Logging in directly to my machine (e.g., via TTY) works perfectly with the custom layout, but this is not the case when I SSH into it.

You expect the keyboard config on the server side to be applied when you log in via SSH. This is not how the things work.

SSH does not transmit any keyboard-related codes to be interpreted as such on the remote side. It transmits bytes. The only processing between sshd and the program running on the server (e.g. an interactive shell) is line discipline (in case of allocated TTY) or nothing (otherwise).

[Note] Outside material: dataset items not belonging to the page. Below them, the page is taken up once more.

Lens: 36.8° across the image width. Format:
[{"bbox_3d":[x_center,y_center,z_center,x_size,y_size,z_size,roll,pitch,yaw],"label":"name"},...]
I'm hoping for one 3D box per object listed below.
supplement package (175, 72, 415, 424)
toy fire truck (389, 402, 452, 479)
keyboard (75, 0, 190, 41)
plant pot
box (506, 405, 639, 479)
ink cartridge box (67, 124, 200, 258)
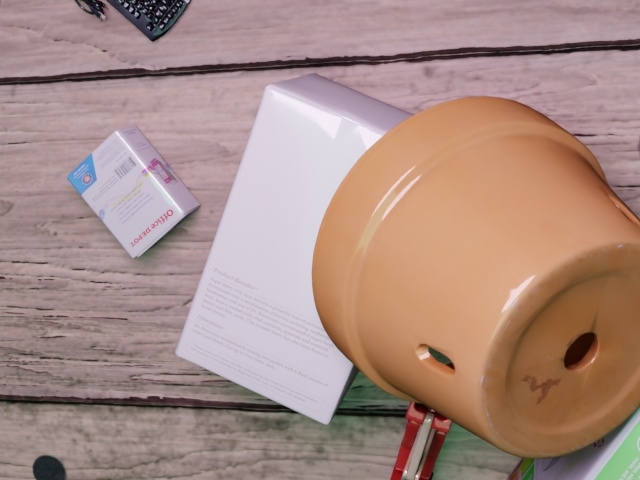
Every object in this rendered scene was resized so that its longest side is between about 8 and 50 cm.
[{"bbox_3d":[0.000,0.000,0.987,0.177,0.175,0.293,24,108,8],"label":"supplement package"},{"bbox_3d":[0.109,0.220,1.035,0.047,0.135,0.192,18,107,10],"label":"toy fire truck"},{"bbox_3d":[-0.240,-0.292,1.051,0.192,0.038,0.100,42,110,2],"label":"keyboard"},{"bbox_3d":[0.165,0.046,0.821,0.290,0.203,0.291,-12,120,-22],"label":"plant pot"},{"bbox_3d":[0.297,0.228,0.938,0.126,0.231,0.262,32,110,5],"label":"box"},{"bbox_3d":[-0.211,-0.055,1.094,0.088,0.052,0.122,-38,91,20],"label":"ink cartridge box"}]

Everything related to the keyboard is done locally on the client side, the local config matters. Additionally the local terminal (or terminal emulator) may translate some keyboard input before it gets to the SSH client (and there is line discipline in between, mostly transparent though); and the client itself (or e.g. PuTTY which is an SSH client bundled with a terminal emulator) may do some translation. But once data gets to the remote side, it's not treated as keyboard input.

The server's keyboard config does not matter because you're not using any keyboard on the server.

In other words:

  • When you run a non-GUI program (like a shell) in a terminal (or in a terminal emulator with GUI), it gets input from the keyboard digested by several layers; the config in question is (or at least may be) one of the layers.

  • When you run a non-GUI program (like a shell) on a remote server via SSH, it gets input from your local SSH client with little (if TTY is allocated on the server side) to no modification (if no TTY). The input from the client is transmitted as a byte stream. See this answer of mine to see that even "signals" are transmitted this way.

    • But the local client program itself is a relay that gets its input locally from the local keyboard, so digested by several local layers. Some config similar to the config in question is (or at least may be) one of the layers, but this is a local config, client-side.

Solution: set a (or the) custom keyboard layout on the client side.